**PROBLEM DETAILS**
Please return the lines below verbatim, beginning at the one that has "- brush <box>686,692,917,1124</box>" and stopping after the one that has "#2 pitcher from (1080, 622) to (1140, 690)", and add no other lines.

**THE DATA**
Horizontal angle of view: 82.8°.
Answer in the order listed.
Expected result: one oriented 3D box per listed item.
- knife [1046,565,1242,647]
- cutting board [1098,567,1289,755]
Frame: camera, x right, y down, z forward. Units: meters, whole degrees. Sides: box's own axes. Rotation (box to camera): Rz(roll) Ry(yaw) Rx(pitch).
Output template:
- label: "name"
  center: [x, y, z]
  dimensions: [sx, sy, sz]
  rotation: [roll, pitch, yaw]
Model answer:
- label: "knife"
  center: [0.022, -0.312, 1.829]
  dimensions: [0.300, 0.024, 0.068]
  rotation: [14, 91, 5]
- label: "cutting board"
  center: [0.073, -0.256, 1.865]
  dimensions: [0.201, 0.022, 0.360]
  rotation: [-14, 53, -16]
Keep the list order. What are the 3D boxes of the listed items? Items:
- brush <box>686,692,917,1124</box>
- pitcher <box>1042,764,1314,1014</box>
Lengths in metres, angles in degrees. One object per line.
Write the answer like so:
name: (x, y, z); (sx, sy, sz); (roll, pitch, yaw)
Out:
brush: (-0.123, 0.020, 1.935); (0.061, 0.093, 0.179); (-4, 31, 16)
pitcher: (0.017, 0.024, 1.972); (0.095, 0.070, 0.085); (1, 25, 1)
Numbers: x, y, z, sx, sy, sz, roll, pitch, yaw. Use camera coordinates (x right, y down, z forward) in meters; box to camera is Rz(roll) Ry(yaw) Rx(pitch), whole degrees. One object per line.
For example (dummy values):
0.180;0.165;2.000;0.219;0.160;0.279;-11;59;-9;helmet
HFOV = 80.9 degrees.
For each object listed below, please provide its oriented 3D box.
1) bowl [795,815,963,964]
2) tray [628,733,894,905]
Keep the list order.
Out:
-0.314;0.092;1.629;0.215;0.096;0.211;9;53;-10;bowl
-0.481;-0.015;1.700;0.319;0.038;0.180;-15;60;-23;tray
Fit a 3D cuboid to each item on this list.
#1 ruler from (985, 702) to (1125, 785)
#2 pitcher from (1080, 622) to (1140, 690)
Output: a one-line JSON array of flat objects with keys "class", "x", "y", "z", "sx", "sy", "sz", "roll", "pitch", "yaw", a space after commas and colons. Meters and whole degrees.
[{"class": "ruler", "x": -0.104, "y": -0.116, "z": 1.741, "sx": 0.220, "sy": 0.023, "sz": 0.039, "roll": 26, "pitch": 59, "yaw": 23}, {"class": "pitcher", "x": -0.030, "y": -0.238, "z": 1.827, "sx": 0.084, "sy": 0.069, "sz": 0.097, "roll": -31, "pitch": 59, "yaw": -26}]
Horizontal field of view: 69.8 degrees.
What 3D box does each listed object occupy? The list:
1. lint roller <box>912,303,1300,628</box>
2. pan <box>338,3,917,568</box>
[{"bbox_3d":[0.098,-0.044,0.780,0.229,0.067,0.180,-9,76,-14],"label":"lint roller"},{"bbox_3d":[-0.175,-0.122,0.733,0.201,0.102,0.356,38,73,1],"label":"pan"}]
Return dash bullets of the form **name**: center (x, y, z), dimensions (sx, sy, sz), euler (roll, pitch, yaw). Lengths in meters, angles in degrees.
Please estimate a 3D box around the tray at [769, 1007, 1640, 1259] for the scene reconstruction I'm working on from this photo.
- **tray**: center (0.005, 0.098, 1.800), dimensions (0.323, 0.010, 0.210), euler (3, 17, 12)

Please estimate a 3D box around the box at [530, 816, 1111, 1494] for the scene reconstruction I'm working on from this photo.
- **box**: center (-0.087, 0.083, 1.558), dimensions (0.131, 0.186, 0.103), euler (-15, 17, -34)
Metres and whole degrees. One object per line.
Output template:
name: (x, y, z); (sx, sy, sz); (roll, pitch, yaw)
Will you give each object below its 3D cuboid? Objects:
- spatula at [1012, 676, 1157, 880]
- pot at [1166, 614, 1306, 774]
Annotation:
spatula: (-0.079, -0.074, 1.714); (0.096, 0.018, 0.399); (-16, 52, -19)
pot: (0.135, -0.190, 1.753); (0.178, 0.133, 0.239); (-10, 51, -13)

**YOUR RESPONSE**
- brush <box>686,692,917,1124</box>
- pitcher <box>1042,764,1314,1014</box>
Lengths in metres, angles in degrees. One object per line.
Write the answer like so:
name: (x, y, z); (sx, sy, sz); (roll, pitch, yaw)
Out:
brush: (-0.123, 0.020, 1.935); (0.061, 0.093, 0.179); (-4, 31, 16)
pitcher: (0.017, 0.024, 1.972); (0.095, 0.070, 0.085); (1, 25, 1)
Numbers: x, y, z, sx, sy, sz, roll, pitch, yaw. Use camera coordinates (x right, y down, z forward) in meters; box to camera is Rz(roll) Ry(yaw) Rx(pitch), whole degrees. One object per line.
For example (dummy values):
0.180;0.165;2.000;0.219;0.160;0.279;-11;59;-9;helmet
HFOV = 80.9 degrees.
For each object listed below, please provide its oriented 3D box.
1) bowl [795,815,963,964]
2) tray [628,733,894,905]
Keep the list order.
Out:
-0.314;0.092;1.629;0.215;0.096;0.211;9;53;-10;bowl
-0.481;-0.015;1.700;0.319;0.038;0.180;-15;60;-23;tray
Fit a 3D cuboid to each item on this list.
#1 ruler from (985, 702) to (1125, 785)
#2 pitcher from (1080, 622) to (1140, 690)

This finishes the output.